This pumpkin seed basil pesto is so quick and easy to make, and is a great way to add some fun flavor to your dishes! Most pestos are made with pine nuts which can be very pricey! I found that using pumpkin seeds works even better and provides a lot of great nutrients. This pesto pairs so well with salmon, roasted veggies, pasta, chicken hummus wraps, as a salad dressing, and many other combos. It’s also paleo and vegan friendly!  

What you will need

Pumpkin Seeds – I love to use raw sprouted pumpkin seeds by Go Raw. Eating sprouted nuts and seeds helps shed phytic acid that may cause irritation in the gut. Sprouting also helps make the nutrients more bioavailable to our bodies! (You can sub with regular pumpkin seeds.)

Olive Oil – I always use olive oil that is labeled cold pressed and extra virgin.

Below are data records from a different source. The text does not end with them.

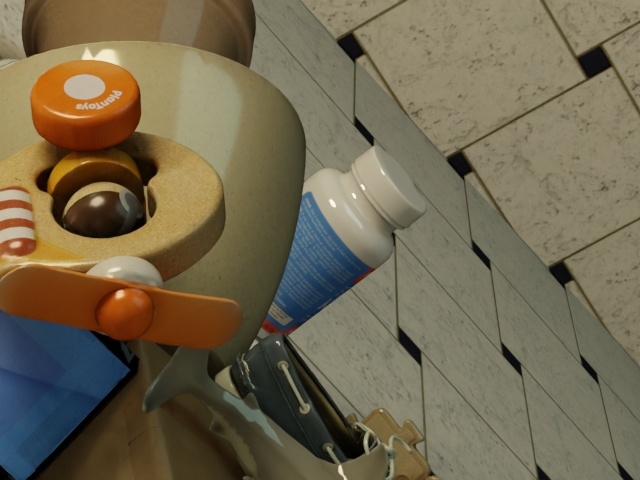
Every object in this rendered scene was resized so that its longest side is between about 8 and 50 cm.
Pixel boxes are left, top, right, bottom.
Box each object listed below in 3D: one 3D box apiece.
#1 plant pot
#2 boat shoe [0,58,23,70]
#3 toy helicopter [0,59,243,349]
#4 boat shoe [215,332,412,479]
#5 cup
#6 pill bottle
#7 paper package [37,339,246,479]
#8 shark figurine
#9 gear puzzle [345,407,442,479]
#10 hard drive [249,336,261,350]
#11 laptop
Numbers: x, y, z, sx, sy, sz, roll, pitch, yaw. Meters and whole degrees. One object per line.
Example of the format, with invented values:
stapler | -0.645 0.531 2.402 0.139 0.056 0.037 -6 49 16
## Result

Basil – I think using basil is key for creating an amazing pesto. You have to use fresh basil though and not dried! It wont have the same effect.

Parsley – You can use either curly or Italian parsley with this recipe. They both taste great and I like to alternate between the 2.

Minced Garlic – You could substitute with garlic powder if you don’t have fresh garlic laying around.

Lemon Juice – This helps preserve the pesto to make it last longer and give it a fresh zesty flavor!

Himalayan Salt – I like to add a touch of salt to my pesto but you can leave it out if you prefer.

How to make the pumpkin seed basil pesto

Add all ingredients to a food processor. Process until smooth and creamy consistency. Serve it with salmon, chicken, roasted veggies, or pasta. It can also be used as a salad dressing! Store it in the fridge for up to 2 weeks.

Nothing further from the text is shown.